Public outrage at two women climbing on dolphin fountain

A photo taken of two young women climbing, sitting on top and standing by the dolphin in the fountain commissioned by Prince Ata on Thursday has sparked outrage online.

Commentators on social media claimed one of the metal pipes that came with the dolphin was broken as a result of the incident but no further details about the extent of damage given.

It was not clear when was the photo taken but some Facebook users claimed it was taken  after the fountain was officially opened to the public on Thursday.

Authorities in Tonga could not be reached for comments but another photo appeared on Facebook last night showed a fence has been put around the fountain. It claimed the fence was made after the damage was reported.

“This is very disrespectful and disgusting,” one commentator wrote on Facebook.

“This is absolutely rude and they should be jailed for what they have done,” another wrote.

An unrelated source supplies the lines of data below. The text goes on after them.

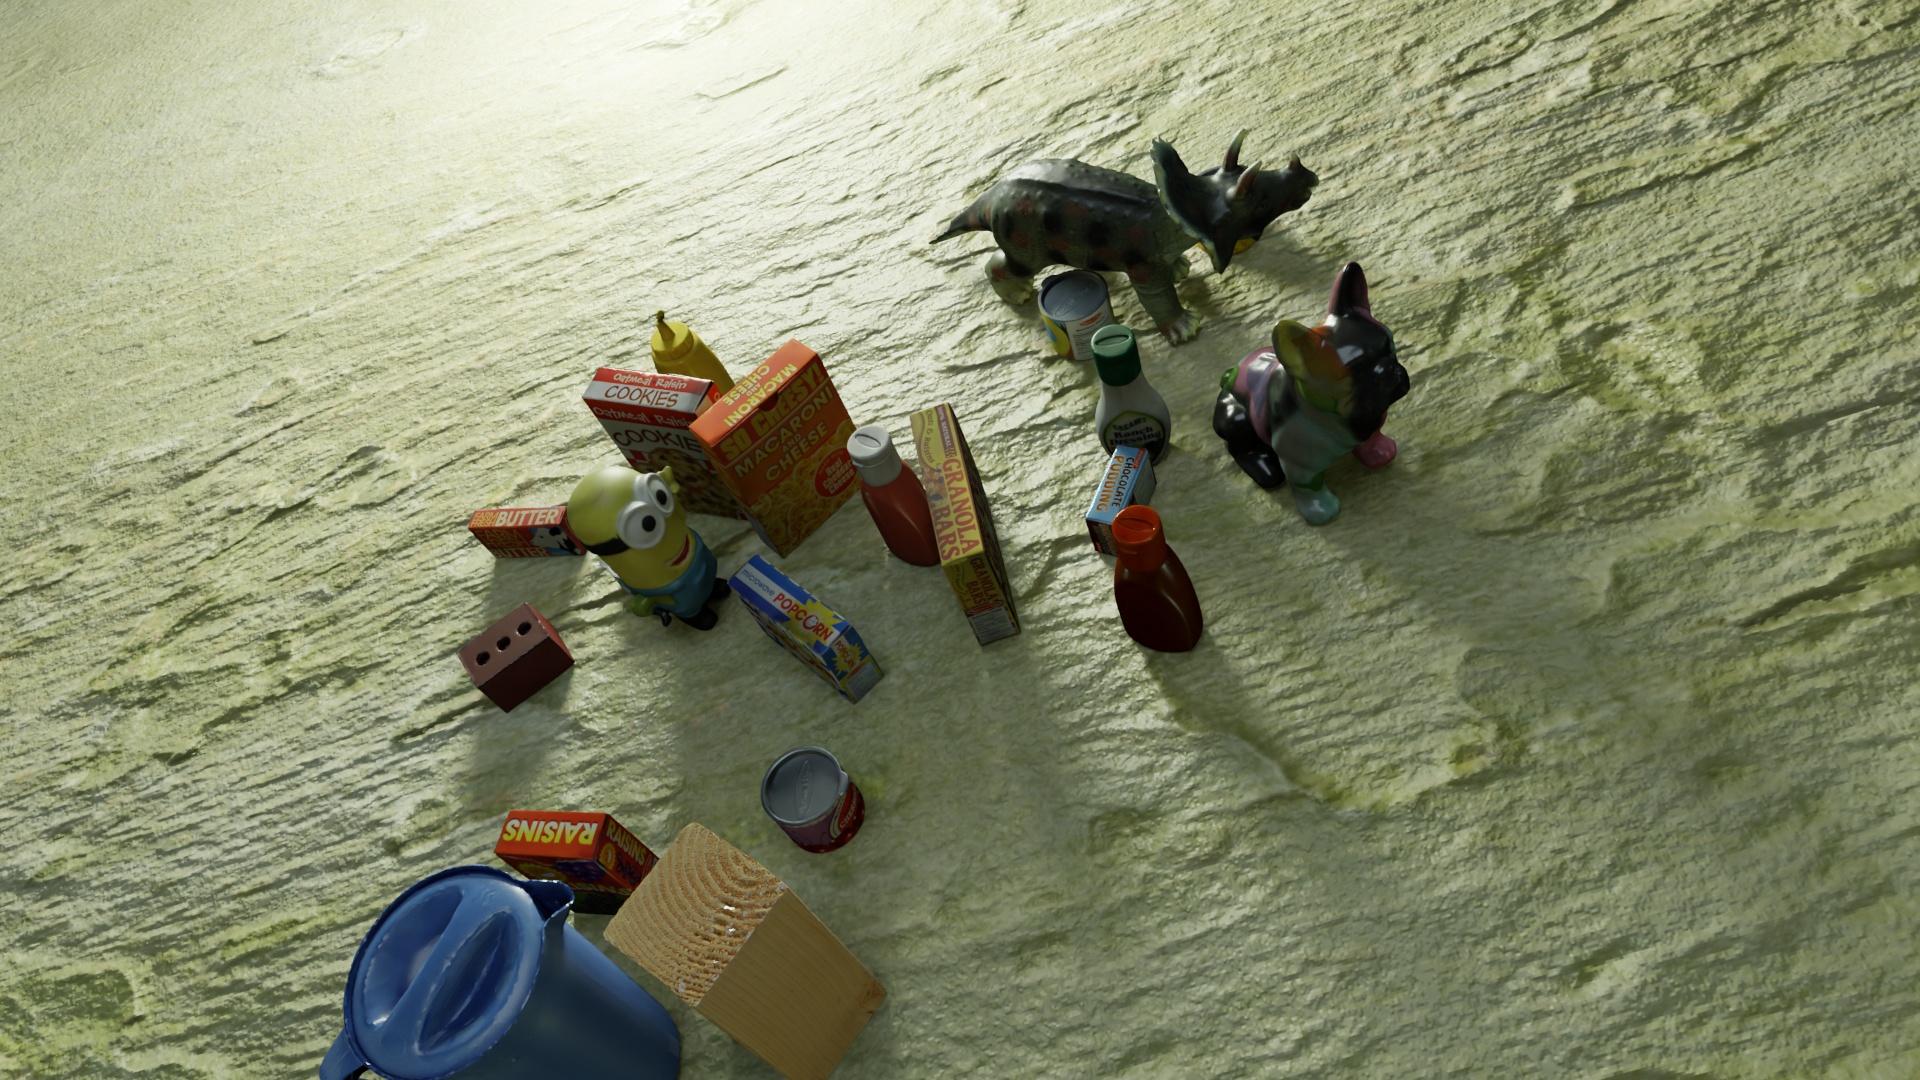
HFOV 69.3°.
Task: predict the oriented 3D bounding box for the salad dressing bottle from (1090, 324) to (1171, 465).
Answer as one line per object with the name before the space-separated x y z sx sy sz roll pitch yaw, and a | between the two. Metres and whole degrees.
salad dressing bottle | 0.140 -0.120 1.175 0.064 0.147 0.044 -9 53 12

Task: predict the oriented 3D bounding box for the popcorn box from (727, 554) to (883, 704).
popcorn box | -0.130 0.073 1.161 0.127 0.085 0.038 33 71 34

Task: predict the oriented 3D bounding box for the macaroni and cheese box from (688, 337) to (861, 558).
macaroni and cheese box | -0.151 -0.079 1.228 0.124 0.165 0.040 -44 54 -15

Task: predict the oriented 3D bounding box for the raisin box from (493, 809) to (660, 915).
raisin box | -0.283 0.248 1.059 0.086 0.123 0.040 -1 55 18

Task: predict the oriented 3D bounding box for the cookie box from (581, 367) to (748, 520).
cookie box | -0.250 -0.086 1.264 0.123 0.166 0.040 9 59 24

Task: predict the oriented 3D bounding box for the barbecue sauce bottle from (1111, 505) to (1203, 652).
barbecue sauce bottle | 0.146 0.030 1.062 0.065 0.148 0.044 14 61 26

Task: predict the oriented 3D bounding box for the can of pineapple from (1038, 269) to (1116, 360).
can of pineapple | 0.111 -0.214 1.310 0.071 0.057 0.071 -9 53 12

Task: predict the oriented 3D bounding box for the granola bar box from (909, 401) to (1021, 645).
granola bar box | 0.004 -0.015 1.157 0.039 0.123 0.166 -18 52 6

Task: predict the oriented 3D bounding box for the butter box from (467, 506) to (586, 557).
butter box | -0.414 -0.008 1.333 0.103 0.053 0.024 -2 55 17

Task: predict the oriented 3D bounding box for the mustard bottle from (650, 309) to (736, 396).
mustard bottle | -0.259 -0.162 1.327 0.065 0.159 0.049 13 61 26

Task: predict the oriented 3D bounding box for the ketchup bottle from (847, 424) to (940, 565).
ketchup bottle | -0.056 -0.038 1.178 0.065 0.148 0.044 24 66 31

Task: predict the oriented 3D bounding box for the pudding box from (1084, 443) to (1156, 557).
pudding box | 0.136 -0.034 1.175 0.030 0.049 0.084 12 60 25

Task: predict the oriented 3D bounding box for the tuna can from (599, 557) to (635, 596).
tuna can | -0.295 0.018 1.289 0.071 0.032 0.071 -9 53 12

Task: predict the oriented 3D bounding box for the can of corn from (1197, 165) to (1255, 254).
can of corn | 0.255 -0.316 1.337 0.071 0.058 0.071 -9 53 12

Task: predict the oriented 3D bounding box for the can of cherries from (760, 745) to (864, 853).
can of cherries | -0.111 0.202 1.078 0.071 0.058 0.072 -9 53 12

“Nothing could last longer for the public in Tonga because of this nonsense and show-off,” another wrote.

After the commission ceremony some commentators predicted that some thoughtless actions might occur which could lead to damaging the fountain.

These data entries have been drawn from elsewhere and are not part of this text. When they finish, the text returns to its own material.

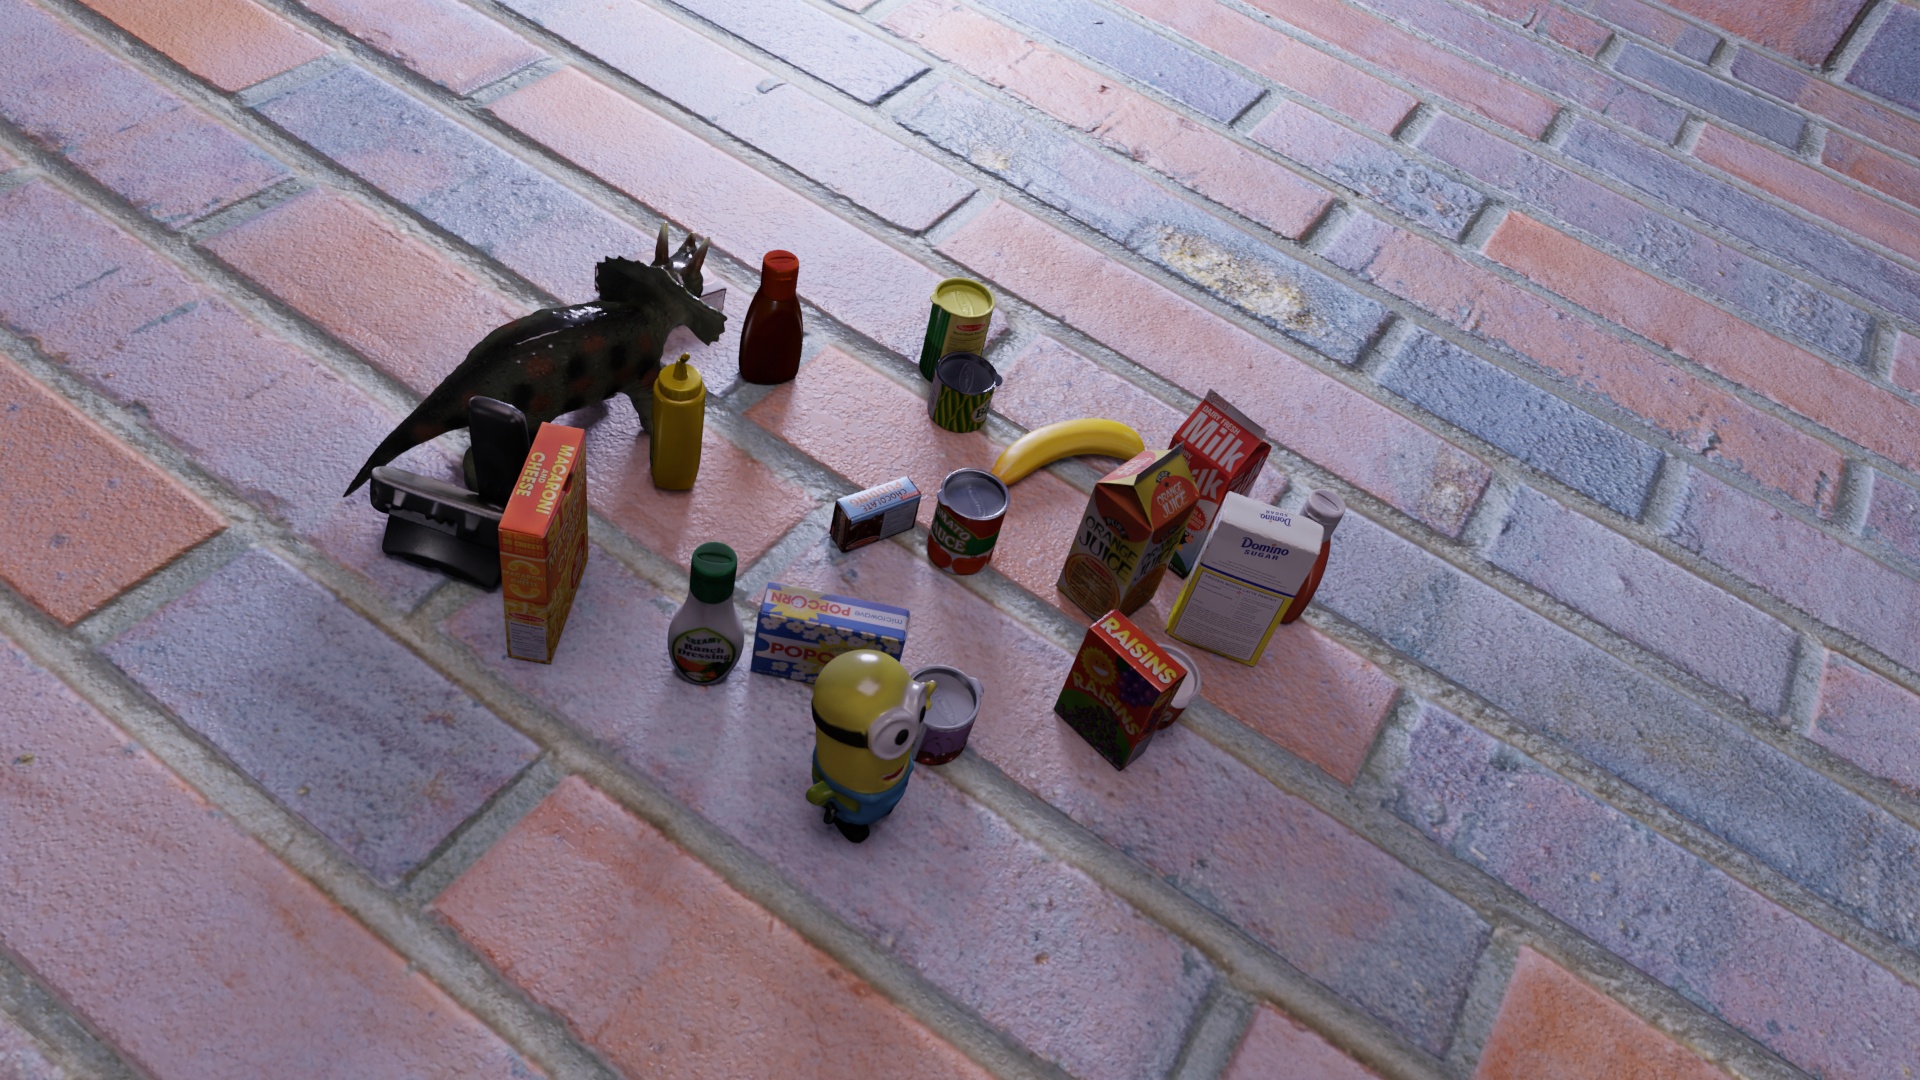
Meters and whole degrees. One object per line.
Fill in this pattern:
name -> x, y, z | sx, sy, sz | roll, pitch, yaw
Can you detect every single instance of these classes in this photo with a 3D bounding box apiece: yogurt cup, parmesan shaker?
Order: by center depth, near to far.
yogurt cup -> 0.178, 0.135, 1.256 | 0.072, 0.053, 0.073 | 8, 47, -8
parmesan shaker -> -0.008, -0.222, 1.495 | 0.071, 0.102, 0.072 | 8, 47, -8

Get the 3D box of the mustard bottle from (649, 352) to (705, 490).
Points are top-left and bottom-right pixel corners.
mustard bottle -> -0.263, -0.118, 1.294 | 0.049, 0.159, 0.065 | 2, 48, -13

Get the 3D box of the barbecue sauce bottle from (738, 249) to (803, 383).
barbecue sauce bottle -> -0.190, -0.228, 1.421 | 0.065, 0.147, 0.044 | -8, 52, -21

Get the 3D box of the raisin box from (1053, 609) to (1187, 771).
raisin box -> 0.137, 0.130, 1.201 | 0.040, 0.122, 0.086 | -31, 62, -35

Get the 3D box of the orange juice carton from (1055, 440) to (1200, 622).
orange juice carton -> 0.158, -0.011, 1.287 | 0.073, 0.191, 0.072 | 42, 52, 22

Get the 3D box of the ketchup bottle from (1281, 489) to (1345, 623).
ketchup bottle -> 0.326, 0.013, 1.339 | 0.065, 0.148, 0.044 | 41, 51, 21

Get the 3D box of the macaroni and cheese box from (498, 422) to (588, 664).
macaroni and cheese box -> -0.345, 0.003, 1.159 | 0.040, 0.165, 0.124 | 11, 47, -5

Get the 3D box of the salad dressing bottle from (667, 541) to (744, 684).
salad dressing bottle -> -0.210, 0.061, 1.156 | 0.064, 0.146, 0.044 | 8, 47, -7

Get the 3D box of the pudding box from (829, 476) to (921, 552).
pudding box -> -0.081, -0.025, 1.334 | 0.084, 0.049, 0.030 | -21, 57, -30

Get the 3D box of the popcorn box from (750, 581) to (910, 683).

“Please people keep away from the fountain or you will do what you used to –  destroying public things because you want to show-off”, one commentator wrote on Facebook shortly after the fountain  was commissioned.

But not everyone was as harsh: Some saw the two women’s action as the very thing needed in time of great celebration in Tonga – The celebration of the coronation of the King of Tonga was here for everyone of us to enjoy and that everyone should be happy, one Facebook user wrote in Tongan.

The fountain

The dolphin fountain was commissioned after it was established to  replace  a previous  brass dolphin which was damaged and  stolen two-years ago.  The brass dolphin was given to Tonga from Britain in 1970 to mark Tonga’s joining the Community of Nations.

The restoration of the dolphin according to the Tongan government was made to mark His Majesty King Tupou VI’s coronation.